POSTED: 1:05 pm MST April 13, 2007
UPDATED: 7:31 am MST April 16, 2007

KPHO was Arizona's first television station.

It was started by entrepreneurs John Mills, Rex Schepp, Dr. J.N. Harber and John Mullins.

The station placed its call letters on the cables on December 4, 1949 and soon handled all the major networks.

The first signal was transmitted from the Hotel Westward Ho in downtown Phoenix on Dec. 4, 1949. The hotel had a 240-foot steel tower on its roof; a 40-foot, one-and-a-half-ton antenna on top of the tower carried the broadcast to Valley television sets.

Its signal would eventually reach beyond the state, from Silver City, New Mexico to Blythe, California and from Page to Sonora, Mexico.

KPHO became the local affiliate for all four networks in operation at the time -- CBS, NBC, ABC and The Dumont Network.

For the first few months, the station signed on at around 4 p.m. each day and signed off between 10 p.m. to midnight.
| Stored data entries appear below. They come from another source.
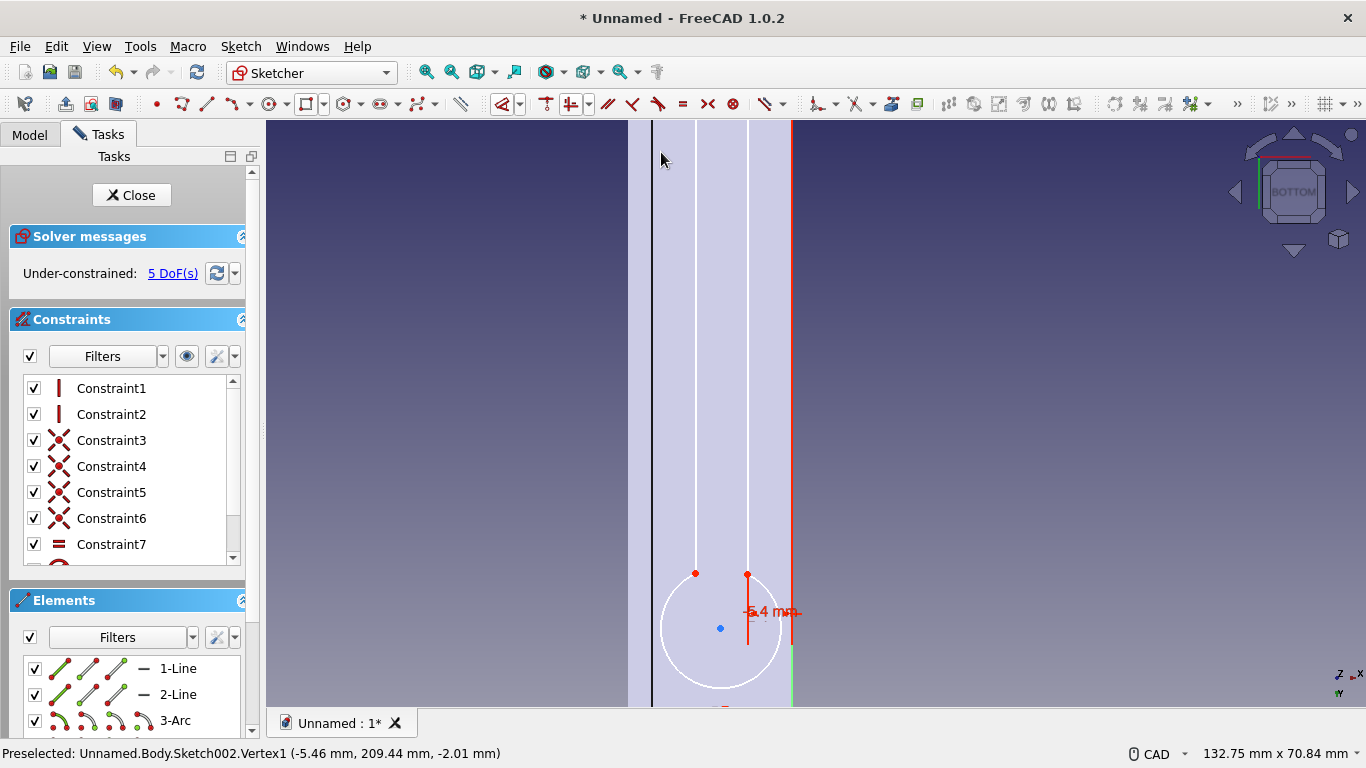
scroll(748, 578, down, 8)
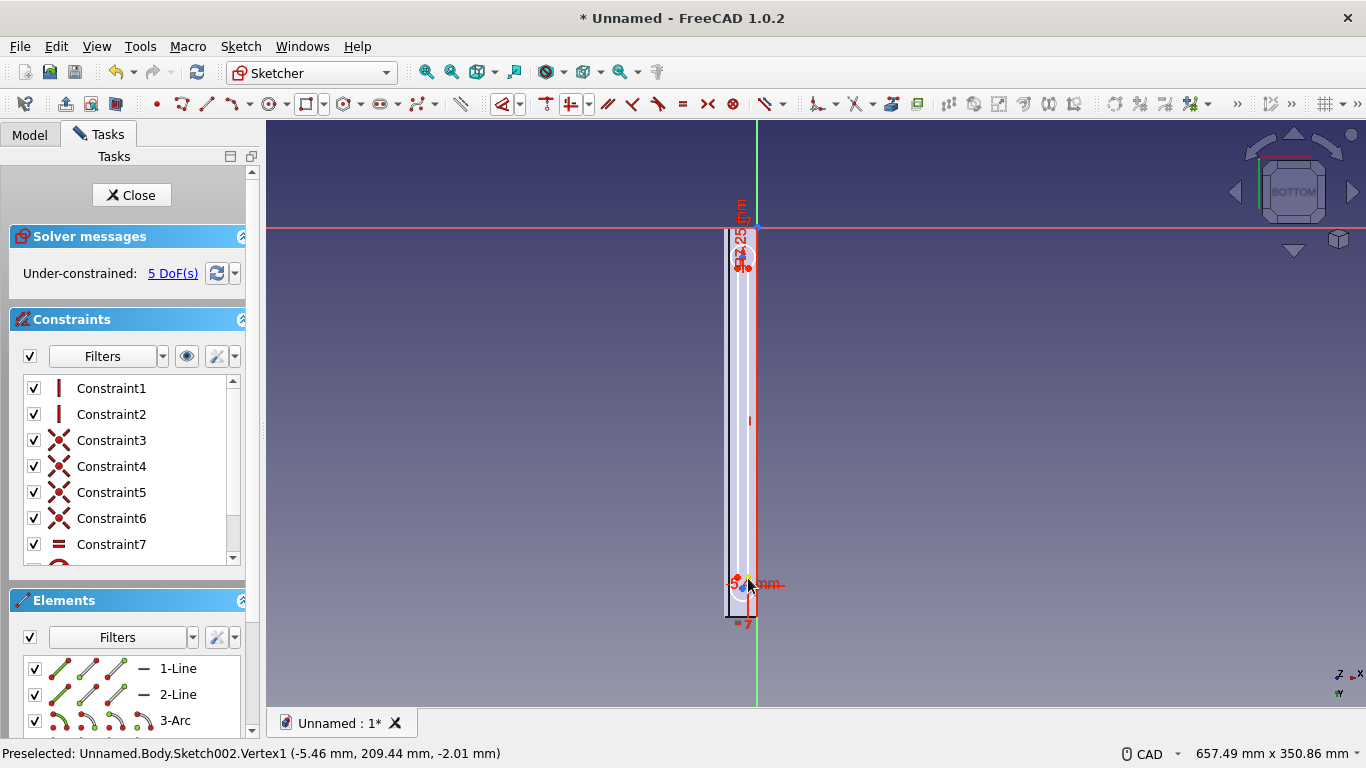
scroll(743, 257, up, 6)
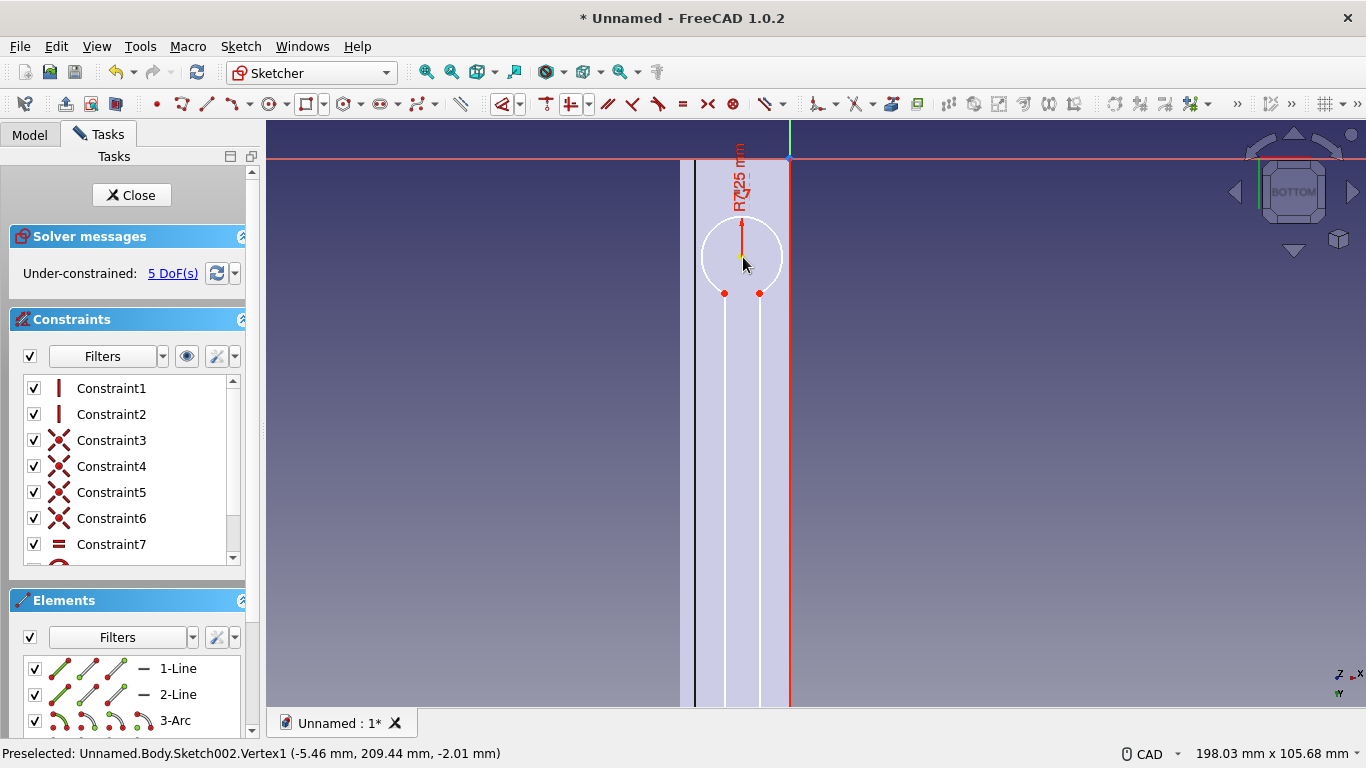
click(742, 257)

Network programming would arrive at the station a couple of days before its scheduled broadcast in the form of kinescope films.
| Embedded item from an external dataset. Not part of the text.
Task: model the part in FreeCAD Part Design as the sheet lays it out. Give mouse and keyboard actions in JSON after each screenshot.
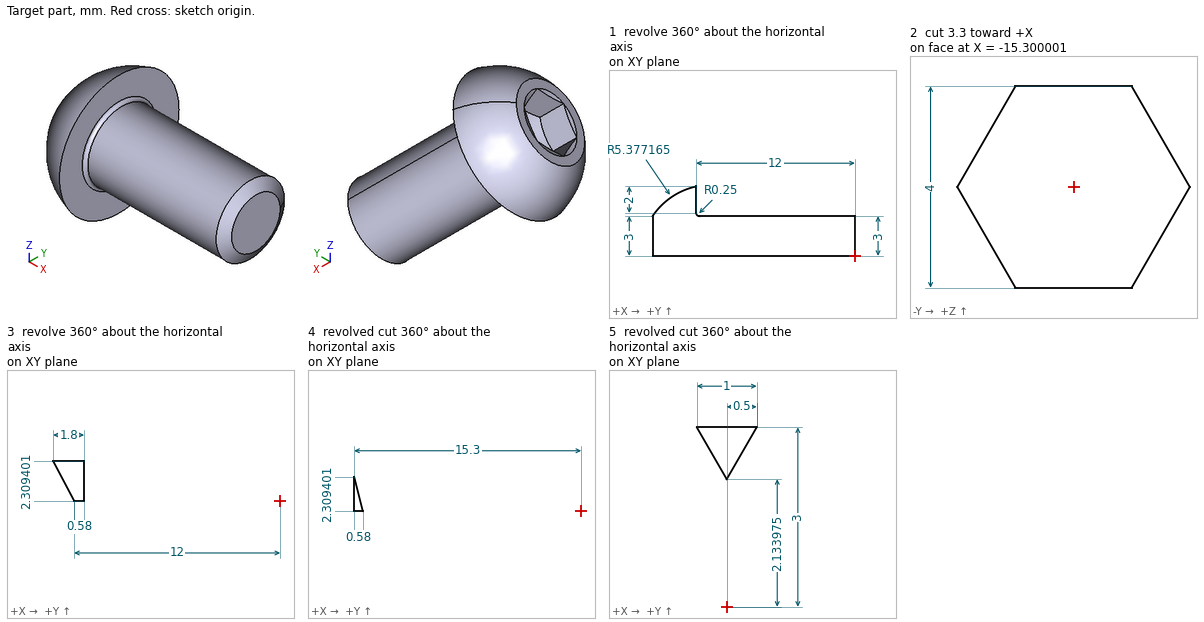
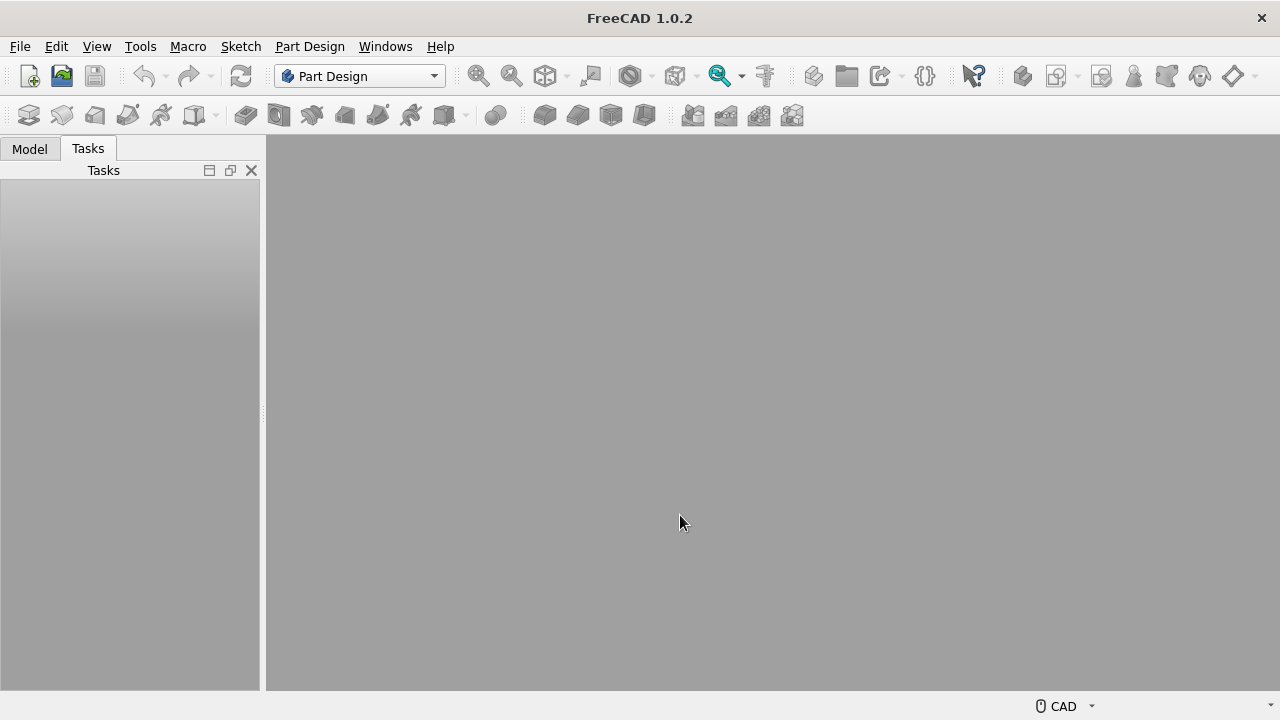
{"action": "left_click", "coordinate": [29, 76]}
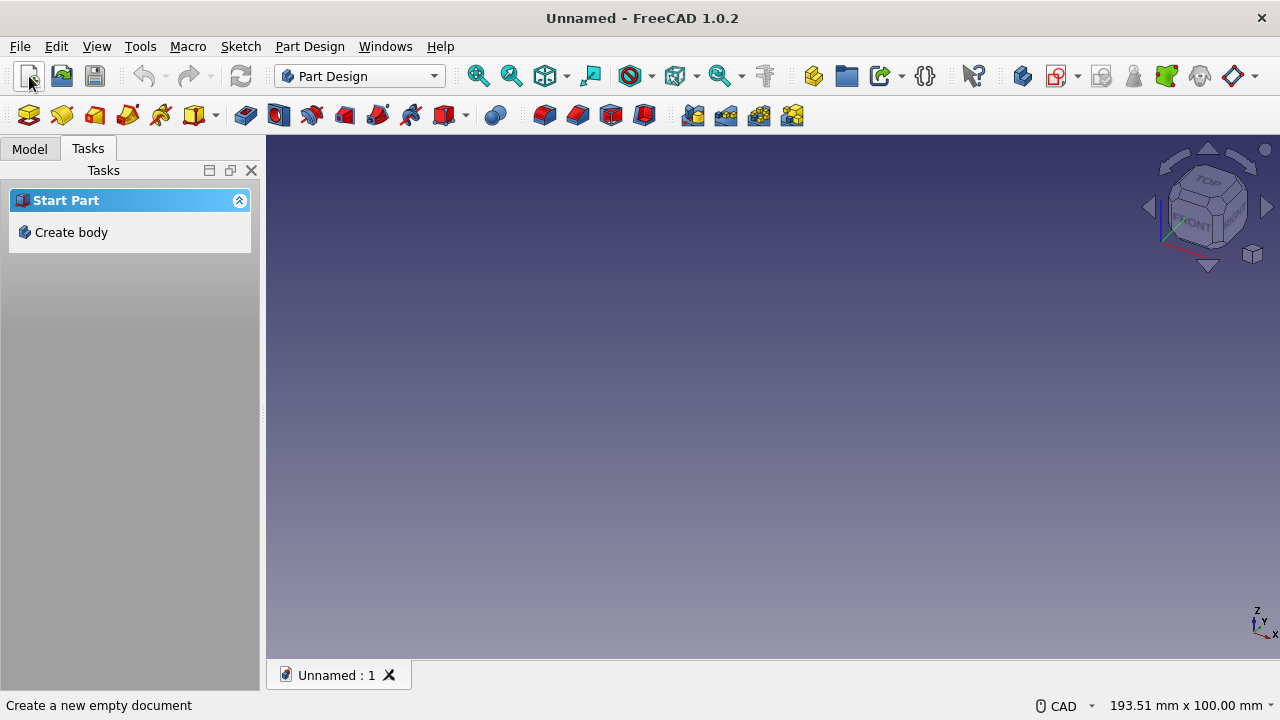
{"action": "left_click", "coordinate": [1056, 76]}

The first programs created by KPHO which were directed at children included "The Man From Planet X" and "The Lew King Show."

Meredith Broadcasting purchased KPHO in 1952.

By 1955, Channel 5 had become the Valley's premiere independent TV station -- and the only independent station.

KPHO boasted numerous credits in Arizona broadcasting history: the first station to telecast local live programs, the first to cover sports events with remote telecasts and the first station to telecast underwarter (why, we don't know).

Located at 631 N. 1st Avenue, the station consisted of three major components: sales, engineering and production.

The building also included KPHO radio offices. The radio studio was next door at The Westward Ho.

There were two production studios in the KPHO television building. The larger one was constantly being set, struck and re-set. The smaller one had permanent "hot" sets: news, weather, sports and "Cook's Corner" (a women's program hosted by Ruth Dunlop).

In the early days of 'It's Wallace?", the show took place in two corners of the studio known as 4A and 4B.

There was also a small studio across the alley from the main building where some of the show was filmed. This studio later became the carpenter shop.